The Peña-Rodriguez jury deliberated for twelve hours. Assessing the impact of a handful of biased statements on that entire deliberative process is a daunting challenge for a judge. It may require examining individual jurors one by one. This again implicates the interests about juror harassment and finality of verdicts that justified the rule against impeachment in the first place. Nevertheless, in those (probably rare) cases where this type of evidence emerges, it will now be up to trial courts to undertake that inquiry, with little guidance from the Supreme Court on how to proceed.
Amending Rule 606, and Schools of Constitutional Interpretation
Now that the Court has constitutionalized the right to challenge some deliberations, it would make sense for Congress to amend Federal Rule of Evidence 606(b) to make something like the Iowa rule the federal standard. Challenges to jury verdicts should be allowed if there is evidence of any kind of improper bias or animus during deliberations. It makes little sense to wait for years while lower courts try to sort out whether Peña-Rodriguez requires them to entertain challenges based on other forms of discrimination.

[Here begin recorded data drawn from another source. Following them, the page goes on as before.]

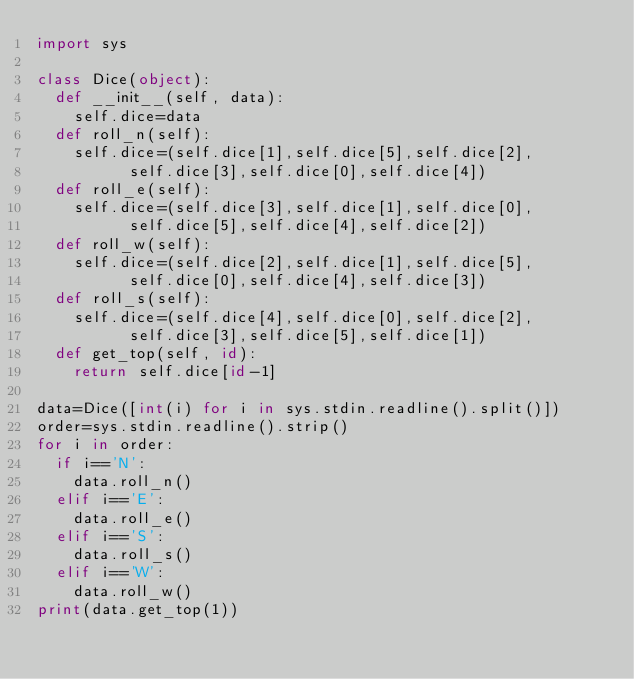Convert code to text. <code><loc_0><loc_0><loc_500><loc_500><_Python_>import sys

class Dice(object):
	def __init__(self, data):
		self.dice=data
	def roll_n(self):
		self.dice=(self.dice[1],self.dice[5],self.dice[2],
					self.dice[3],self.dice[0],self.dice[4])
	def roll_e(self):
		self.dice=(self.dice[3],self.dice[1],self.dice[0],
					self.dice[5],self.dice[4],self.dice[2])
	def roll_w(self):
		self.dice=(self.dice[2],self.dice[1],self.dice[5],
					self.dice[0],self.dice[4],self.dice[3])				
	def roll_s(self):
		self.dice=(self.dice[4],self.dice[0],self.dice[2],
					self.dice[3],self.dice[5],self.dice[1])
	def get_top(self, id):
 		return self.dice[id-1]

data=Dice([int(i) for i in sys.stdin.readline().split()])
order=sys.stdin.readline().strip()
for i in order:
	if i=='N':
		data.roll_n()
	elif i=='E':
		data.roll_e()
	elif i=='S':
		data.roll_s()
	elif i=='W':
		data.roll_w()
print(data.get_top(1))</code>

A final side note: in light of the upcoming confirmation hearings for the nomination of Neil Gorsuch to the Supreme Court, the different schools of constitutional interpretation highlighted in Peña-Rodriguez are particularly interesting. With its concluding flourish about a maturing legal system confronting the country’s history of racial discrimination, the majority embraced a “living Constitution,” where constitutional norms grow and adapt to support a developing society. The dissenters, on the other hand, represent a classic textualist or originalist view. They interpret the Constitution strictly based on its text and how it was understood at the time it was adopted.

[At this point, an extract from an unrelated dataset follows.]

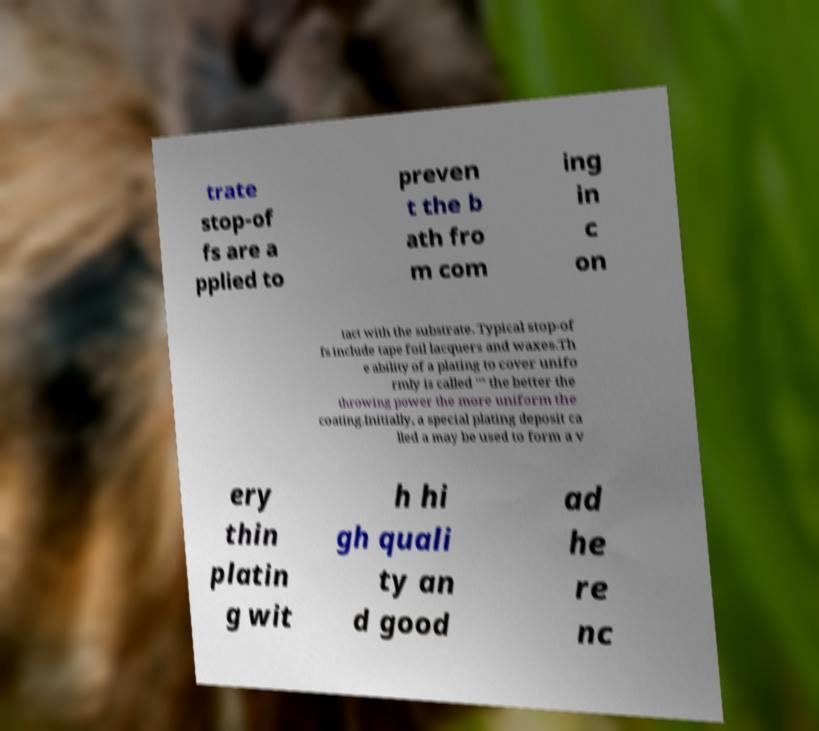Please read and relay the text visible in this image. What does it say? trate stop-of fs are a pplied to preven t the b ath fro m com ing in c on tact with the substrate. Typical stop-of fs include tape foil lacquers and waxes.Th e ability of a plating to cover unifo rmly is called "" the better the throwing power the more uniform the coating.Initially, a special plating deposit ca lled a may be used to form a v ery thin platin g wit h hi gh quali ty an d good ad he re nc

Judge Gorsuch falls squarely within the originalist school of interpretation, as did the man whose seat he would fill, Justice Scalia. It seems likely that if he had been on the Court, Gorsuch would have sided with the dissenters and it would have been a 5-4 decision. This is one of those areas where replacing Justice Scalia with Justice Gorsuch probably would not result in a significant shift in the balance of the Court.